— Prompt —
Starting at the line that holds "a) Dynamic programming" and stopping at the line that holds "c) Approximation algorithms", restate the records below word for word, with both of those lines included.

########

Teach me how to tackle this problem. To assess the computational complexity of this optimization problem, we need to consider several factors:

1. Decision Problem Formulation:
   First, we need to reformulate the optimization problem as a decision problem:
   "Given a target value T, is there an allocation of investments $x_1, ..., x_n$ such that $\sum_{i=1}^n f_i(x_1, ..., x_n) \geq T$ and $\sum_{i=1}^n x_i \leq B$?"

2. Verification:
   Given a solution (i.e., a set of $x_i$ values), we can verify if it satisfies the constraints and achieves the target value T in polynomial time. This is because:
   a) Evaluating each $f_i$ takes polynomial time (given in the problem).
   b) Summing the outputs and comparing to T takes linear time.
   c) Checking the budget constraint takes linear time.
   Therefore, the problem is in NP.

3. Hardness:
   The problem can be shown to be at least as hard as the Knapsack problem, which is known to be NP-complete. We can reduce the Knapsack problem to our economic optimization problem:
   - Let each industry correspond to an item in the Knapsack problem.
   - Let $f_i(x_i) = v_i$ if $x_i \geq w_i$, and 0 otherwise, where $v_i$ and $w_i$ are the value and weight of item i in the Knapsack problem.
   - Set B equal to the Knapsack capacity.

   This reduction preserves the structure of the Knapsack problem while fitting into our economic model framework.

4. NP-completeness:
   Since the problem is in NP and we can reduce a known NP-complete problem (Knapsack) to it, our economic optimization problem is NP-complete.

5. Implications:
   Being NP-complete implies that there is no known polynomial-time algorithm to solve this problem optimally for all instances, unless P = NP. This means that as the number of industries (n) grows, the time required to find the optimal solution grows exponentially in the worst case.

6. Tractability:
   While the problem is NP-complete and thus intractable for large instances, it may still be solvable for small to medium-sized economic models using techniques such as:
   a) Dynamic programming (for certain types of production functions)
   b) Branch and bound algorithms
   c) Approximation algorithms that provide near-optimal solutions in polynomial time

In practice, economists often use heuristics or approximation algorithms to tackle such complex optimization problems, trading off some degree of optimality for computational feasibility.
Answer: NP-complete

########

— Your solution —
   a) Dynamic programming (for certain types of production functions)
   b) Branch and bound algorithms
   c) Approximation algorithms that provide near-optimal solutions in polynomial time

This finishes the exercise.